A letter written by Professor A. P. Taylor, Dean of Science at the New Mexico State College, to "The New Student" shows that there exists a real dissatisfaction with educational methods. He proposes that all college students who find something lacking in the present American University cooperate with him in the formation of an ideal school--three hundred selected scholars and a faculty of untrammeled professors." There would be no regents or trustees, no hierarchical graduation, and presumably no outside activities. Apparently Professor Taylor advocates something like a return to the old system of sitting on straw and learning when and where one willed.

Whether or not anything comes of the suggestion, its more proposal is significant in that it gives voice to a widespread discontent with the present mechanical, mass production system. Professor Taylor's college is not the ideal. He does not, for instance, mention such vital necessities as the elimination of hour examinations, in fact of any examinations of the present type; nor of disciplinary measures such as that relic of school days, Probation, so that any student who could not do the work, or who lost interest, would simply be expected to make room for one more suitable. Perhaps, however, such matters are understood.

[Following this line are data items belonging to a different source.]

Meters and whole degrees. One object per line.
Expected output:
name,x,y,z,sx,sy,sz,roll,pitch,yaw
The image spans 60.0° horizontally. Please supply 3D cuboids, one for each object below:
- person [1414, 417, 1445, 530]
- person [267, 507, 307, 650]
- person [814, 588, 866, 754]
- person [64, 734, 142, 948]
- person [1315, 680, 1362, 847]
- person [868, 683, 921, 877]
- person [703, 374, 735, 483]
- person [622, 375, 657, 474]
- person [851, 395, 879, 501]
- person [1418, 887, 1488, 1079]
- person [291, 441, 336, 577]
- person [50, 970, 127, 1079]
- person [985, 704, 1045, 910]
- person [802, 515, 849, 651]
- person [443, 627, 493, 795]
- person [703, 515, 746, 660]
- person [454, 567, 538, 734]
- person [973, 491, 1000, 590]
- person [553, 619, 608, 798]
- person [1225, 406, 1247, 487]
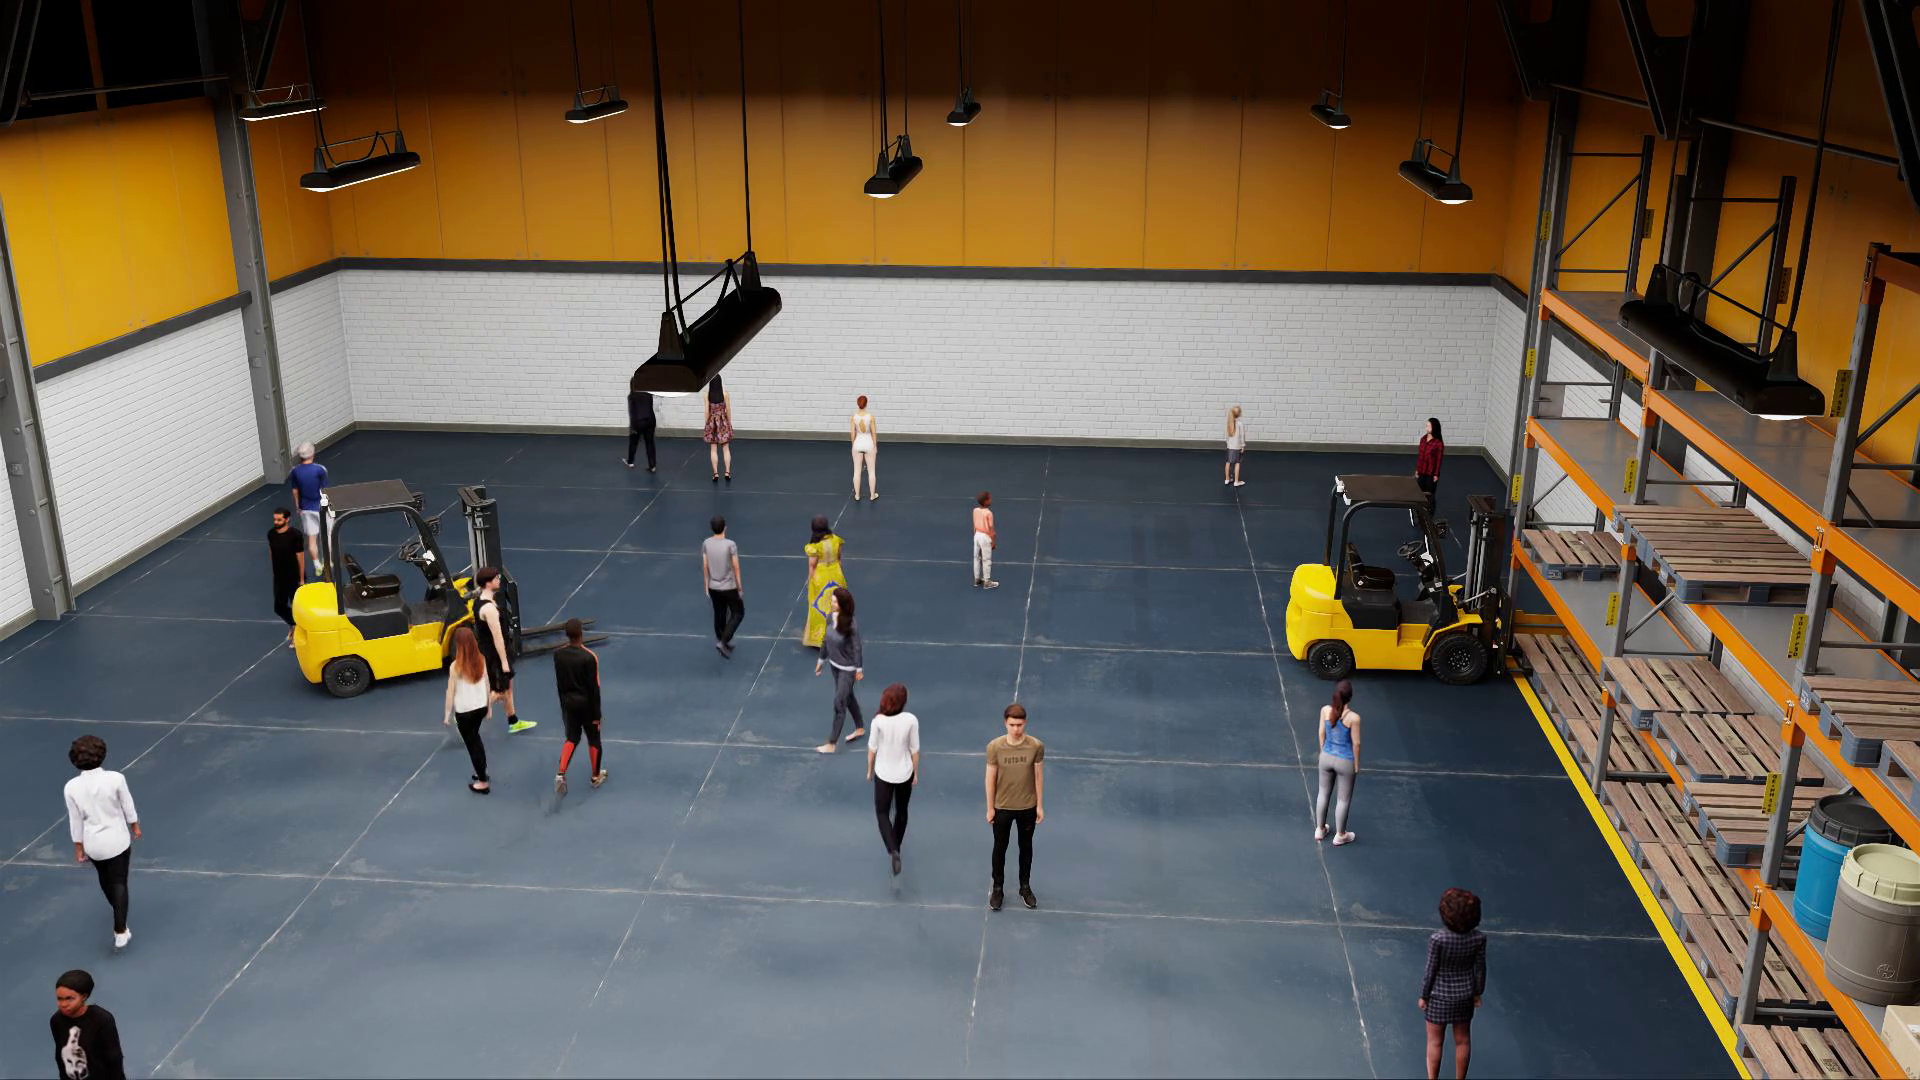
person,6.834,-0.985,24.199,0.718,1.652,0.628,-11,21,-29
person,-7.964,0.420,19.883,0.639,1.744,0.678,4,19,10
person,-1.143,1.304,17.273,1.078,1.734,1.012,-15,24,-38
person,-7.018,2.496,13.684,0.968,1.766,1.234,-7,20,-20
person,3.479,2.034,15.302,0.666,1.609,0.707,15,24,37
person,-0.581,2.146,14.712,0.791,1.773,1.082,-3,19,-9
person,-3.843,-1.787,26.390,0.762,1.774,0.785,-5,19,-14
person,-5.090,-1.859,26.899,0.990,1.585,1.051,-15,24,-37
person,-1.473,-1.418,25.497,0.537,1.644,0.469,2,19,5
person,3.442,3.210,11.665,0.665,1.702,0.604,-2,19,-6
person,-8.624,-0.396,22.170,0.706,1.831,0.683,-2,19,-6
person,-5.612,3.512,10.859,0.679,1.643,1.081,-1,19,-2
person,0.468,2.261,14.247,0.705,1.852,0.636,-2,19,-7
person,-1.606,0.491,19.808,0.998,1.658,1.052,-15,24,-37
person,-4.694,1.682,16.194,0.752,1.707,0.661,10,21,27
person,-2.789,0.577,19.412,0.764,1.747,0.908,7,20,20
person,-4.923,1.212,17.330,1.089,1.872,1.141,-9,21,-26
person,0.308,-0.014,21.850,0.568,1.311,0.614,17,25,40
person,-3.747,1.655,16.149,0.682,1.787,1.030,4,19,13
person,4.352,-1.501,26.321,0.659,1.276,0.605,-18,25,-42

Where this proposal does mark a great advance over the present system is in emphasizing the individual--of allowing the wings of each student to unfold naturally. Such is far from the case at present and if Democracy is to live up to its meaning, such a method of education is imperative.

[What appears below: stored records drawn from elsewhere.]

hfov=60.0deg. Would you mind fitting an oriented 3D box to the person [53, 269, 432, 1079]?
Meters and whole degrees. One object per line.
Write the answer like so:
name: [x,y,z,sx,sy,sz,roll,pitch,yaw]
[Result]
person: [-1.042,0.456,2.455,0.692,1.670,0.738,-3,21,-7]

On the other hand there are values inherent in the present system which are too good to lose, and of these perhaps the most important is the multifarious nature of college interests and activities. Contrary to the general hue and cry, there are not too many extra curriculum activities at present: if anything there are not enough. To give the student nothing to do with his time except to forage for knowledge when and where he will is productive in the long run only of indolence or dilettantism or pedantry. The ideal college must combine with the much-desired individualistic emphasis, the present many-sided pressure.